Excerpts from a dataset:
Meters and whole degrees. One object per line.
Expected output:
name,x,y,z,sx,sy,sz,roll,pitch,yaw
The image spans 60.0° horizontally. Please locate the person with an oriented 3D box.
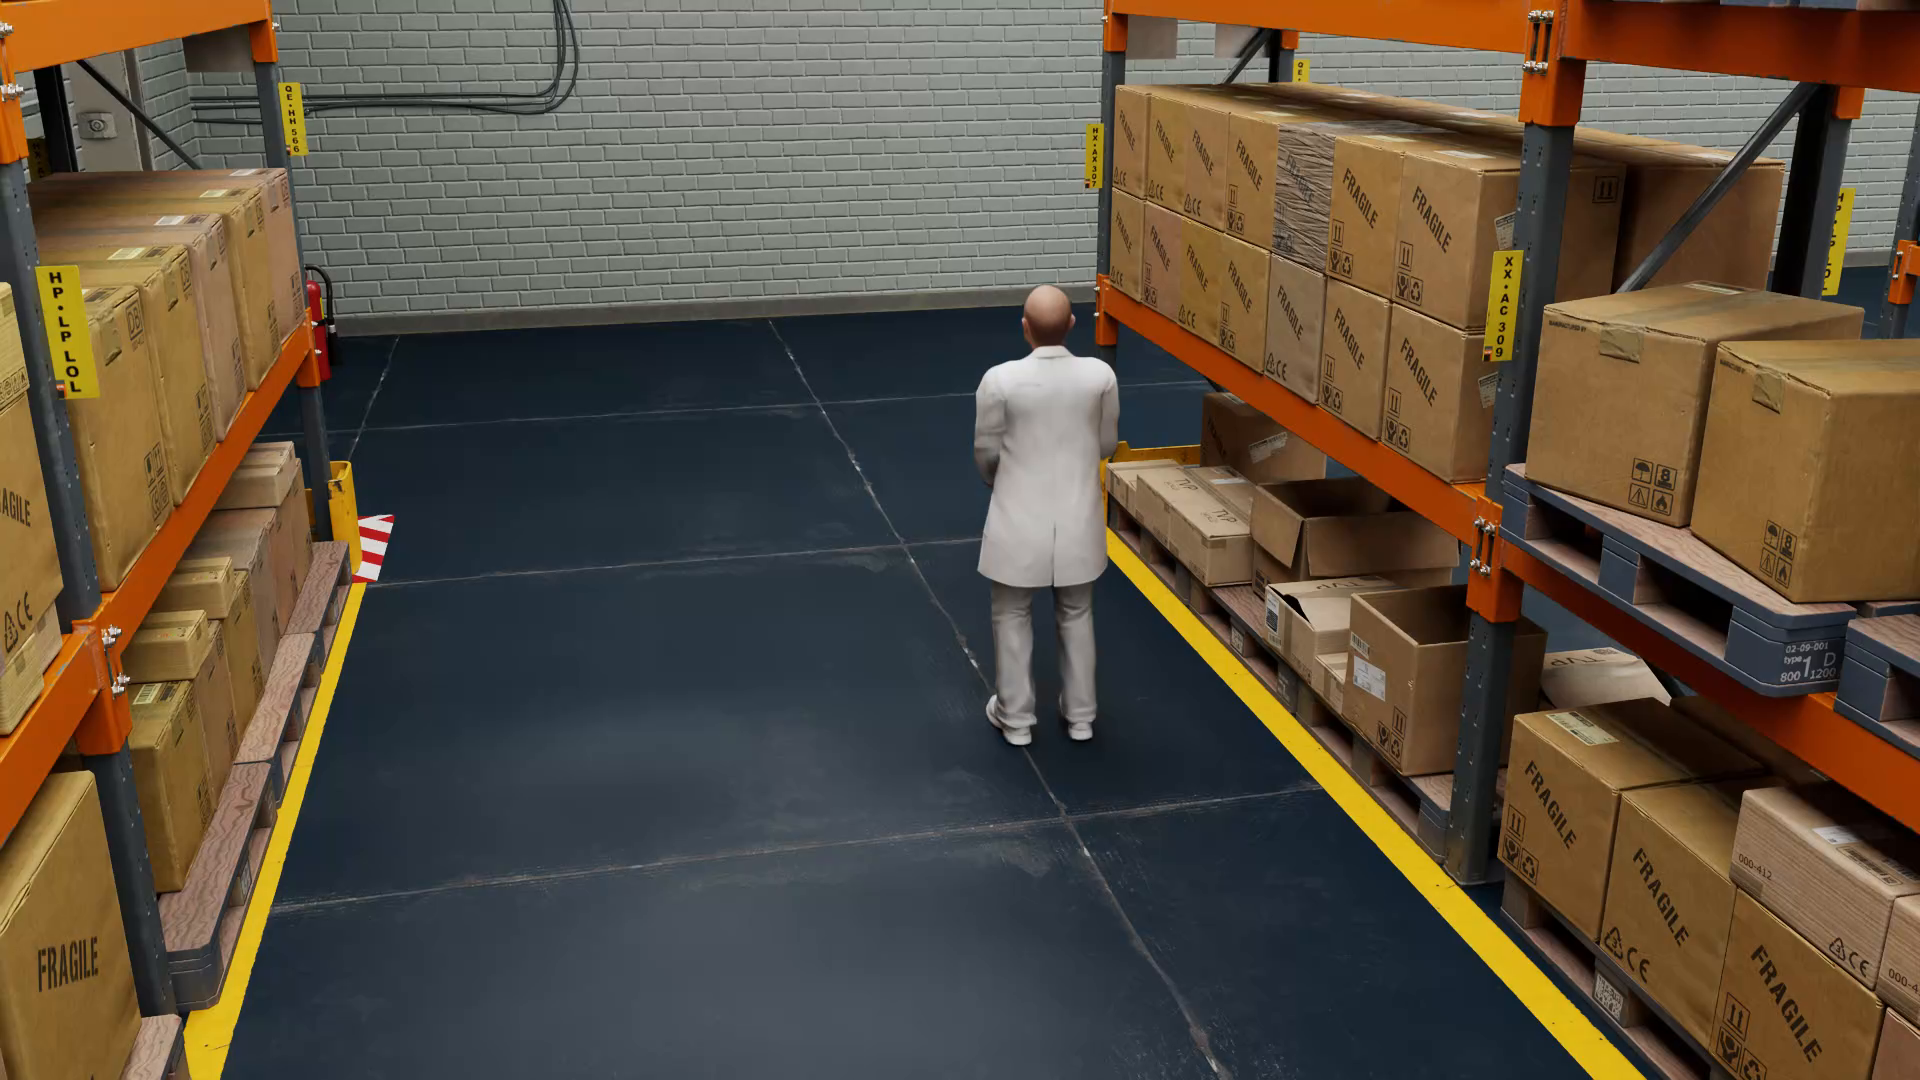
person,0.306,-0.116,6.410,0.554,1.781,0.527,-4,20,-10

● **Aim of the task**
Exactly the lines from the line with "The image spans" through the end of the data are to be reproduced, and no picture is to be included.

● **Written response**
The image spans 60.0° horizontally. Please locate the person with an oriented 3D box.
person,0.306,-0.116,6.410,0.554,1.781,0.527,-4,20,-10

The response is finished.